What this task involves:
Under this task are some entries; return every one of them exactly.

Task inputs:
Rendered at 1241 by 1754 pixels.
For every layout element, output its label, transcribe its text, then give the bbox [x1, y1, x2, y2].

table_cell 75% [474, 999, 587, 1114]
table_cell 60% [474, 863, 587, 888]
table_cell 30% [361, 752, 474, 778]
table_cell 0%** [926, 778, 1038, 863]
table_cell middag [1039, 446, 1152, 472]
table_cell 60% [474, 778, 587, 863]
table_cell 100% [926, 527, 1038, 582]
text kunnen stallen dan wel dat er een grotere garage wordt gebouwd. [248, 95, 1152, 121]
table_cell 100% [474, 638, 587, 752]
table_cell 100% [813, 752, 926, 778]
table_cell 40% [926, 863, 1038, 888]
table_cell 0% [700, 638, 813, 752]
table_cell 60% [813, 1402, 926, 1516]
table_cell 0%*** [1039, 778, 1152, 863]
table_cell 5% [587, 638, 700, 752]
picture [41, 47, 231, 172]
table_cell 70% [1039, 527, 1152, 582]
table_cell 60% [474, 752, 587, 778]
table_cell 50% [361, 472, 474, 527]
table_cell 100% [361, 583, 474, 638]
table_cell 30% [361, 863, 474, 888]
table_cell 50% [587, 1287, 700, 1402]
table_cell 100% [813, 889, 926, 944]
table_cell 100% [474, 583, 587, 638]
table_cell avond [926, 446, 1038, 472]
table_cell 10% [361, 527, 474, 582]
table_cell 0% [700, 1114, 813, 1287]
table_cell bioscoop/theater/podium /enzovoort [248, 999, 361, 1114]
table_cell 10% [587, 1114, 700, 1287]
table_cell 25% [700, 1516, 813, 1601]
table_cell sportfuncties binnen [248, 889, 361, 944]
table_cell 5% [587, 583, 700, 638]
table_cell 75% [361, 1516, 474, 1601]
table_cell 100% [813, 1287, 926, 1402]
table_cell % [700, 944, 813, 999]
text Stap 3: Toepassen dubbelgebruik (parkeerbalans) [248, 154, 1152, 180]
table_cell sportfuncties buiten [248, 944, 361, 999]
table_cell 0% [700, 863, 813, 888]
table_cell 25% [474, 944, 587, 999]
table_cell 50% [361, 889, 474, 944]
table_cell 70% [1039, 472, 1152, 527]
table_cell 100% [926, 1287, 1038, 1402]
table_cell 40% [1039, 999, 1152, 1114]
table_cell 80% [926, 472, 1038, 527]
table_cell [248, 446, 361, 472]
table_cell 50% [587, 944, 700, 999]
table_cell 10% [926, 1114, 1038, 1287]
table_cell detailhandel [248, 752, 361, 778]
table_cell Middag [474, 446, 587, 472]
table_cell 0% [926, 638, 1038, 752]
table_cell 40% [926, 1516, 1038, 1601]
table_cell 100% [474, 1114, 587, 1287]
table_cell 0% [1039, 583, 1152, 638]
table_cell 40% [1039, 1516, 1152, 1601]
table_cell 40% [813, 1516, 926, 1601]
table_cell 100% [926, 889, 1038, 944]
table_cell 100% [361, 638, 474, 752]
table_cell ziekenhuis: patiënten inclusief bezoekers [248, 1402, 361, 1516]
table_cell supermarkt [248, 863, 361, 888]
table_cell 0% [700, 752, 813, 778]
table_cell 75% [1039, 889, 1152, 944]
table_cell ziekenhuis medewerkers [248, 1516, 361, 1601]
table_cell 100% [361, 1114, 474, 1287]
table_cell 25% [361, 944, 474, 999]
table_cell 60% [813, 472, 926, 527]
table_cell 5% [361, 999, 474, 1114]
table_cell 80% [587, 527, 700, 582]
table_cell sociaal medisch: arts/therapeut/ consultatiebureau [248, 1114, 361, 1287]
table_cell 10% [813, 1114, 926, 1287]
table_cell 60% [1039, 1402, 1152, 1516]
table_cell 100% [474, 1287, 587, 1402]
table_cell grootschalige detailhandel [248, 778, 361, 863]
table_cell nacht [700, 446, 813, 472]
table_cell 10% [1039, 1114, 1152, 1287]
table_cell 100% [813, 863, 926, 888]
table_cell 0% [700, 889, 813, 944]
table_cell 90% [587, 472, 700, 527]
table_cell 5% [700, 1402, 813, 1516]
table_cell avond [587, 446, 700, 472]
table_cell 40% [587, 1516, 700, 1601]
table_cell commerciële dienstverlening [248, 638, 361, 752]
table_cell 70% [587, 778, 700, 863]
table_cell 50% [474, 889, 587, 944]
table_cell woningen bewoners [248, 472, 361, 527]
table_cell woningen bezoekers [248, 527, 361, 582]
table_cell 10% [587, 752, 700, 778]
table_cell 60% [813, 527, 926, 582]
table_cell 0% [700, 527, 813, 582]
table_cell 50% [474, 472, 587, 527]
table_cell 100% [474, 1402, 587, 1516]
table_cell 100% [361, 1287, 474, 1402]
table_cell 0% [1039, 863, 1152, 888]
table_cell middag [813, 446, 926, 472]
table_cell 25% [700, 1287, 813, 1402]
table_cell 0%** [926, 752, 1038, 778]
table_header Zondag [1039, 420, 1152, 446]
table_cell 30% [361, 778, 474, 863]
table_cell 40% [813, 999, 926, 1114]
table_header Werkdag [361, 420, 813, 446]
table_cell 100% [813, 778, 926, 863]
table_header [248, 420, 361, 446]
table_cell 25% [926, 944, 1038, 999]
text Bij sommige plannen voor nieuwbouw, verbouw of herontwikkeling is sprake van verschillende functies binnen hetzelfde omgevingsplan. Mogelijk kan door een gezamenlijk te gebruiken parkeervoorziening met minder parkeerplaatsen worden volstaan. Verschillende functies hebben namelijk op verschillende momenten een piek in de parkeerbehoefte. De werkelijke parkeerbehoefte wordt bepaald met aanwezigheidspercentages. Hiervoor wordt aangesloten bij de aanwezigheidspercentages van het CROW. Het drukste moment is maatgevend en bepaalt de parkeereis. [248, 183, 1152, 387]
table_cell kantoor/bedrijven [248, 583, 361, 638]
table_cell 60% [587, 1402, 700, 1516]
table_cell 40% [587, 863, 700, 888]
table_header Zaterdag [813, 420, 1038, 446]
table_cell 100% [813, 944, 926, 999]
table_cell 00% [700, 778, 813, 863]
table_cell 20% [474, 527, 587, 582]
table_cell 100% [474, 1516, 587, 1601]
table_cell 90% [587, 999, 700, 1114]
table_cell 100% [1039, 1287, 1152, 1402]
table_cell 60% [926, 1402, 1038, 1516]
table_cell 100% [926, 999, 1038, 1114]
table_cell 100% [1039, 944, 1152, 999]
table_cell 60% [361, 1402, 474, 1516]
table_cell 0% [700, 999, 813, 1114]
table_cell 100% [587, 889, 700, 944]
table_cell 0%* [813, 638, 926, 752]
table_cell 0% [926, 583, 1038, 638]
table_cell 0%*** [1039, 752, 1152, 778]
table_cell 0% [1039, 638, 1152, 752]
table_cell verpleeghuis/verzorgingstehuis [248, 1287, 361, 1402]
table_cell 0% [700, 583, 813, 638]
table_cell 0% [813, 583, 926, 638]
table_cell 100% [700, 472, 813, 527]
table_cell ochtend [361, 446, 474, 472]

Task solution:
Rendered at 1241 by 1754 pixels.
For every layout element, output its label, transcribe its text, then give the bbox [x1, y1, x2, y2].

table_cell 75% [474, 999, 587, 1114]
table_cell 60% [474, 863, 587, 888]
table_cell 30% [361, 752, 474, 778]
table_cell 0%** [926, 778, 1038, 863]
table_cell middag [1039, 446, 1152, 472]
table_cell 60% [474, 778, 587, 863]
table_cell 100% [926, 527, 1038, 582]
text kunnen stallen dan wel dat er een grotere garage wordt gebouwd. [248, 95, 1152, 121]
table_cell 100% [474, 638, 587, 752]
table_cell 100% [813, 752, 926, 778]
table_cell 40% [926, 863, 1038, 888]
table_cell 0% [700, 638, 813, 752]
table_cell 60% [813, 1402, 926, 1516]
table_cell 0%*** [1039, 778, 1152, 863]
table_cell 5% [587, 638, 700, 752]
picture [41, 47, 231, 172]
table_cell 70% [1039, 527, 1152, 582]
table_cell 60% [474, 752, 587, 778]
table_cell 50% [361, 472, 474, 527]
table_cell 100% [361, 583, 474, 638]
table_cell 30% [361, 863, 474, 888]
table_cell 50% [587, 1287, 700, 1402]
table_cell 100% [813, 889, 926, 944]
table_cell 100% [474, 583, 587, 638]
table_cell avond [926, 446, 1038, 472]
table_cell 10% [361, 527, 474, 582]
table_cell 0% [700, 1114, 813, 1287]
table_cell bioscoop/theater/podium /enzovoort [248, 999, 361, 1114]
table_cell 10% [587, 1114, 700, 1287]
table_cell 25% [700, 1516, 813, 1601]
table_cell sportfuncties binnen [248, 889, 361, 944]
table_cell 5% [587, 583, 700, 638]
table_cell 75% [361, 1516, 474, 1601]
table_cell 100% [813, 1287, 926, 1402]
table_cell % [700, 944, 813, 999]
text Stap 3: Toepassen dubbelgebruik (parkeerbalans) [248, 154, 1152, 180]
table_cell sportfuncties buiten [248, 944, 361, 999]
table_cell 0% [700, 863, 813, 888]
table_cell 25% [474, 944, 587, 999]
table_cell 50% [361, 889, 474, 944]
table_cell 70% [1039, 472, 1152, 527]
table_cell 100% [926, 1287, 1038, 1402]
table_cell 40% [1039, 999, 1152, 1114]
table_cell 80% [926, 472, 1038, 527]
table_cell [248, 446, 361, 472]
table_cell 50% [587, 944, 700, 999]
table_cell 10% [926, 1114, 1038, 1287]
table_cell detailhandel [248, 752, 361, 778]
table_cell Middag [474, 446, 587, 472]
table_cell 0% [926, 638, 1038, 752]
table_cell 40% [926, 1516, 1038, 1601]
table_cell 100% [474, 1114, 587, 1287]
table_cell 0% [1039, 583, 1152, 638]
table_cell 40% [1039, 1516, 1152, 1601]
table_cell 40% [813, 1516, 926, 1601]
table_cell 100% [926, 889, 1038, 944]
table_cell 100% [361, 638, 474, 752]
table_cell ziekenhuis: patiënten inclusief bezoekers [248, 1402, 361, 1516]
table_cell supermarkt [248, 863, 361, 888]
table_cell 0% [700, 752, 813, 778]
table_cell 75% [1039, 889, 1152, 944]
table_cell ziekenhuis medewerkers [248, 1516, 361, 1601]
table_cell 100% [361, 1114, 474, 1287]
table_cell 25% [361, 944, 474, 999]
table_cell 60% [813, 472, 926, 527]
table_cell 5% [361, 999, 474, 1114]
table_cell 80% [587, 527, 700, 582]
table_cell sociaal medisch: arts/therapeut/ consultatiebureau [248, 1114, 361, 1287]
table_cell 10% [813, 1114, 926, 1287]
table_cell 60% [1039, 1402, 1152, 1516]
table_cell 100% [474, 1287, 587, 1402]
table_cell grootschalige detailhandel [248, 778, 361, 863]
table_cell nacht [700, 446, 813, 472]
table_cell 10% [1039, 1114, 1152, 1287]
table_cell 100% [813, 863, 926, 888]
table_cell 0% [700, 889, 813, 944]
table_cell 90% [587, 472, 700, 527]
table_cell 5% [700, 1402, 813, 1516]
table_cell avond [587, 446, 700, 472]
table_cell 40% [587, 1516, 700, 1601]
table_cell commerciële dienstverlening [248, 638, 361, 752]
table_cell 70% [587, 778, 700, 863]
table_cell 50% [474, 889, 587, 944]
table_cell woningen bewoners [248, 472, 361, 527]
table_cell woningen bezoekers [248, 527, 361, 582]
table_cell 10% [587, 752, 700, 778]
table_cell 60% [813, 527, 926, 582]
table_cell 0% [700, 527, 813, 582]
table_cell 50% [474, 472, 587, 527]
table_cell 100% [474, 1402, 587, 1516]
table_cell 100% [361, 1287, 474, 1402]
table_cell 0% [1039, 863, 1152, 888]
table_cell middag [813, 446, 926, 472]
table_cell 25% [700, 1287, 813, 1402]
table_cell 0%** [926, 752, 1038, 778]
table_header Zondag [1039, 420, 1152, 446]
table_cell 30% [361, 778, 474, 863]
table_cell 40% [813, 999, 926, 1114]
table_header Werkdag [361, 420, 813, 446]
table_cell 100% [813, 778, 926, 863]
table_header [248, 420, 361, 446]
table_cell 25% [926, 944, 1038, 999]
text Bij sommige plannen voor nieuwbouw, verbouw of herontwikkeling is sprake van verschillende functies binnen hetzelfde omgevingsplan. Mogelijk kan door een gezamenlijk te gebruiken parkeervoorziening met minder parkeerplaatsen worden volstaan. Verschillende functies hebben namelijk op verschillende momenten een piek in de parkeerbehoefte. De werkelijke parkeerbehoefte wordt bepaald met aanwezigheidspercentages. Hiervoor wordt aangesloten bij de aanwezigheidspercentages van het CROW. Het drukste moment is maatgevend en bepaalt de parkeereis. [248, 183, 1152, 387]
table_cell kantoor/bedrijven [248, 583, 361, 638]
table_cell 60% [587, 1402, 700, 1516]
table_cell 40% [587, 863, 700, 888]
table_header Zaterdag [813, 420, 1038, 446]
table_cell 100% [813, 944, 926, 999]
table_cell 00% [700, 778, 813, 863]
table_cell 20% [474, 527, 587, 582]
table_cell 100% [474, 1516, 587, 1601]
table_cell 90% [587, 999, 700, 1114]
table_cell 100% [1039, 1287, 1152, 1402]
table_cell 60% [926, 1402, 1038, 1516]
table_cell 100% [926, 999, 1038, 1114]
table_cell 100% [1039, 944, 1152, 999]
table_cell 60% [361, 1402, 474, 1516]
table_cell 0% [700, 999, 813, 1114]
table_cell 100% [587, 889, 700, 944]
table_cell 0%* [813, 638, 926, 752]
table_cell 0% [926, 583, 1038, 638]
table_cell 0%*** [1039, 752, 1152, 778]
table_cell 0% [1039, 638, 1152, 752]
table_cell verpleeghuis/verzorgingstehuis [248, 1287, 361, 1402]
table_cell 0% [700, 583, 813, 638]
table_cell 0% [813, 583, 926, 638]
table_cell 100% [700, 472, 813, 527]
table_cell ochtend [361, 446, 474, 472]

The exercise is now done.